As far as we know, these providers store this data in user profiles that they use for advertising, market research and/or demand-oriented website design. This type of analysis is carried out (also for users who have not logged in) to present demand-oriented advertising and inform other users of the social network of your activities on our website. You have the right to object to the creation of these user profiles. To exercise your right to object, please contact the corresponding provider. Consult the information provided by the following social network sites for details on the purpose and scope of data collection and subsequent processing and use of data by the respective social network, and your rights and privacy settings:

• Facebook: https://es-es.facebook.com/privacy/explanation
• Google: https://policies.google.com/privacy?hl=es-419
• Twitter: https://twitter.com/es/privacy
• LinkedIn: https://www.linkedin.com/legal/privacy-policy?_l=es_ES
• YouTube: https://www.youtube.com/intl/es/about/policies/#community-guidelines and that applicable to Google.

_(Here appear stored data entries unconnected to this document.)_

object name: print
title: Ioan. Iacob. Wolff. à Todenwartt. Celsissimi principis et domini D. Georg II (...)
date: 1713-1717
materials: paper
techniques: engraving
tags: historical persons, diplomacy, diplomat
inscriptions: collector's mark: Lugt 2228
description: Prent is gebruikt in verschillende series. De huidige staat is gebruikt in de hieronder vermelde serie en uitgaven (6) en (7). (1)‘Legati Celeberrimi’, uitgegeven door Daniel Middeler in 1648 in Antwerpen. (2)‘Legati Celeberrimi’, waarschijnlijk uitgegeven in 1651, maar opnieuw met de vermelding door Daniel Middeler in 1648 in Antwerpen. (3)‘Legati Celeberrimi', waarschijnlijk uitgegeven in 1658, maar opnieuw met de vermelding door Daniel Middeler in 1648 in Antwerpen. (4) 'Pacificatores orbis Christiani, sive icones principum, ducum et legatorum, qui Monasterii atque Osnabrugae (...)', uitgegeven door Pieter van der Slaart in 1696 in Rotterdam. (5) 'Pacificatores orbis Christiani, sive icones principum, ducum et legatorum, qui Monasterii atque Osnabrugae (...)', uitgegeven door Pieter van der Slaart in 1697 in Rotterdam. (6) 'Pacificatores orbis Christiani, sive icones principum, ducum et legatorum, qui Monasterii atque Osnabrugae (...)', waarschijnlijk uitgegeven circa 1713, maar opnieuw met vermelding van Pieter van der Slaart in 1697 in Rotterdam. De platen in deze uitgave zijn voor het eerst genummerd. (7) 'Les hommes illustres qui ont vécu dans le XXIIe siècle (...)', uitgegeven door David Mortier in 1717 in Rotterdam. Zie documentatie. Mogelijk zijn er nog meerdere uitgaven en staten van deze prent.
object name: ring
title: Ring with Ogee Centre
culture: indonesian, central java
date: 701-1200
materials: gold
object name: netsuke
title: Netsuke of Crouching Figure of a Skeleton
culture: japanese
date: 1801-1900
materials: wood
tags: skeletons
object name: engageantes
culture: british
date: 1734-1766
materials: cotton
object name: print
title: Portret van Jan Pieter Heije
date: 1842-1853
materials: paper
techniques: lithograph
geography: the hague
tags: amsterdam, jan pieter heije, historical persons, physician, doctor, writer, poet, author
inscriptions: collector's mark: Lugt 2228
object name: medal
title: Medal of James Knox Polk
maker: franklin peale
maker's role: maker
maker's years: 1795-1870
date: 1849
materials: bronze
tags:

4. DATA OF MINORS OR PERSONS WITH SPECIAL CAPACITIES

Access and registration through the DATA CONTROLLER’s social networks is prohibited for persons under 18 years of age. For their part, if the USER has special capacities, the intervention of the holder of their parental authority or guardianship, or their legal representative, will be necessary through a valid document accrediting the representation.

The DATA CONTROLLER will be expressly exonerated from any liability that may arise from the use of social networks by minors or persons with special capacities. The DATA CONTROLLER’s social networks do not knowingly collect any personal information from minors, therefore, if the USER is a minor, they must not register, use the DATA CONTROLLER’s social networks or provide any personal information.